Fulton mayors scold county commissioners over $104M COVID relief

Fulton County Board Chairman Robb Pitts speaks during the Community Organized Relief Effort (CORE) and Fulton County partnership new conference in Alpharetta on Aug. 14, 2020. (ALYSSA POINTER / ALYSSA.POINTER@AJC.COM)



Fulton County Board Chairman Robb Pitts speaks during the Community Organized Relief Effort (CORE) and Fulton County partnership new conference in Alpharetta on Aug. 14, 2020. (ALYSSA POINTER / ALYSSA.POINTER@AJC.COM)

Fulton County’s mayors formed a verbal firing squad Friday morning over Zoom and let loose on the county’s Board of Commissioners.

City leaders accuse the county of not giving them enough of $104 million federal Coronavirus Aid, Relief, and Economic Security Act funding it received.

Mayors say they are prepared to file an injunction to block Fulton from spending any more of the federal COVID-19 funds.

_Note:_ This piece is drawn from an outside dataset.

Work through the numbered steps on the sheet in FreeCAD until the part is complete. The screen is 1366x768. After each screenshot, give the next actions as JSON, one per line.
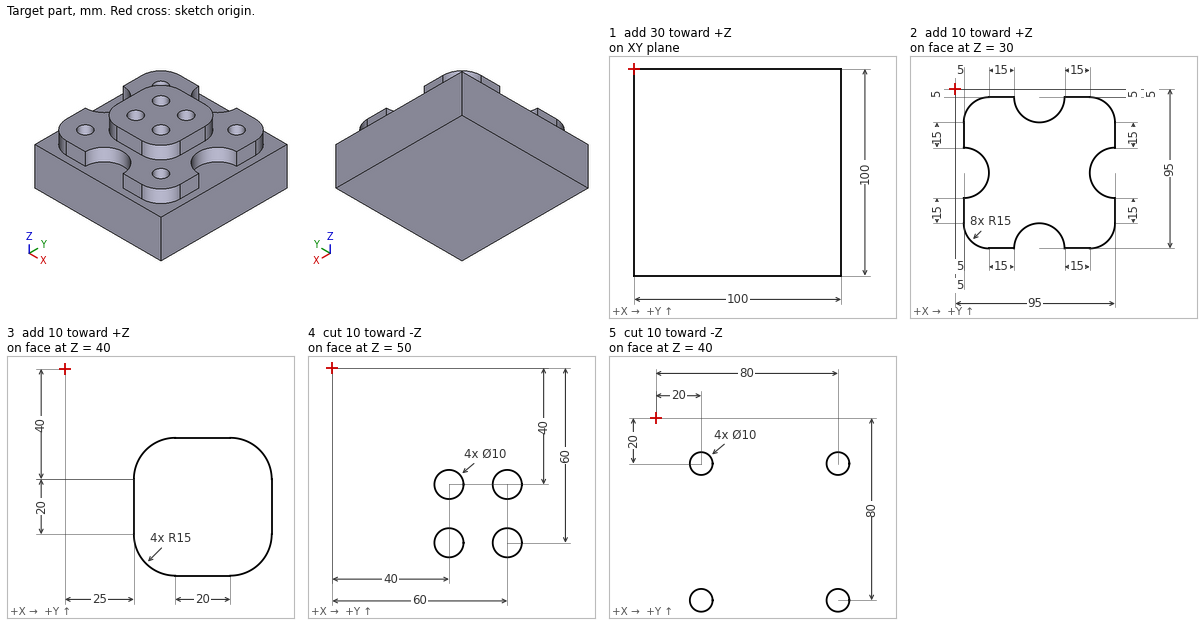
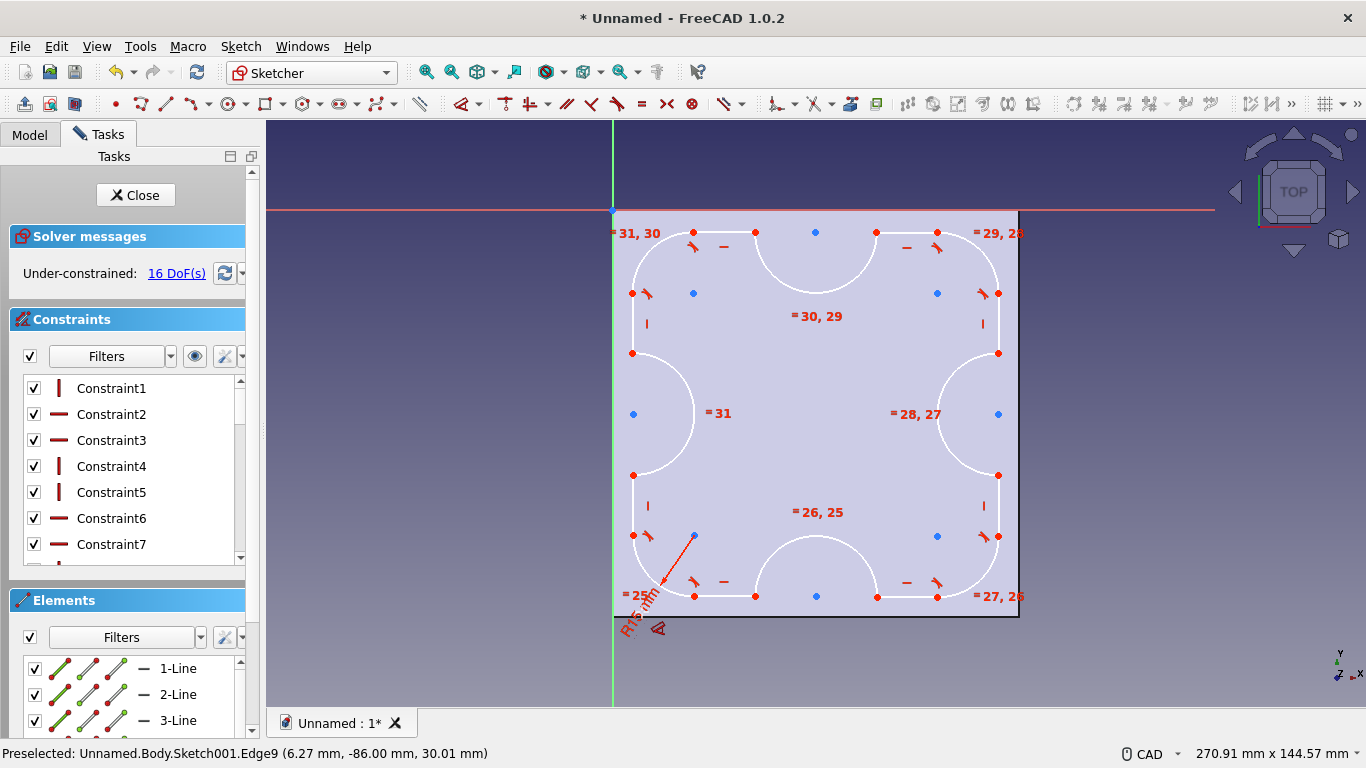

The injunction, which hasn’t been filed, would include all but two Fulton cities: Atlanta received a direct CARES Act allotment of $88.5 million, and Mountain Park has had no direct COVID-19 expenses for its roughly 550 Northside residents.

Fulton Commission Chairman Robb Pitts said Johns Creek Mayor Mike Bodker asked him to set up a meeting with all the mayors, which they had been wanting for months.

Bodker on Friday laid out the basic list of demands: more money to the cities and no extra restrictions on how they can use the funds along with increased transparency and coordination.

“This is about people, this is not about who is doing what (or) who is doing the most,” said Union City Mayor Vince Williams.

Local politicians are usually happy to play nice in the public eye and feud in private — but that wasn’t the case Friday.

“Robb, I hate to do this in a public meeting, but I got to lay it at your feet,” said Rusty Paul, Sandy Springs mayor and an influential political force in Fulton. “You haven’t brought us all together in the same coordinated fashion that was done previously. And that is causing the inability for us to work together as we should.”

The lack of solidarity is more than bad governing, it’s about efficiency when people need government most, Paul said. He fears there are overlaps in services that both the cities and county are doing, and gaps in other spots.

“This unwillingness to talk to us is astounding to me because it may end up wasting a lot of resources,” Paul said.

Pitts refused to directly address the criticism directed at him and the comparisons to his predecessors.

Commissioner Lee Morris, a former Atlanta councilman, said Pitts wasn’t the only one to blame.

“I should have been out there talking about communicating,” Morris said. “I want to say to all of you I’m personally sorry.”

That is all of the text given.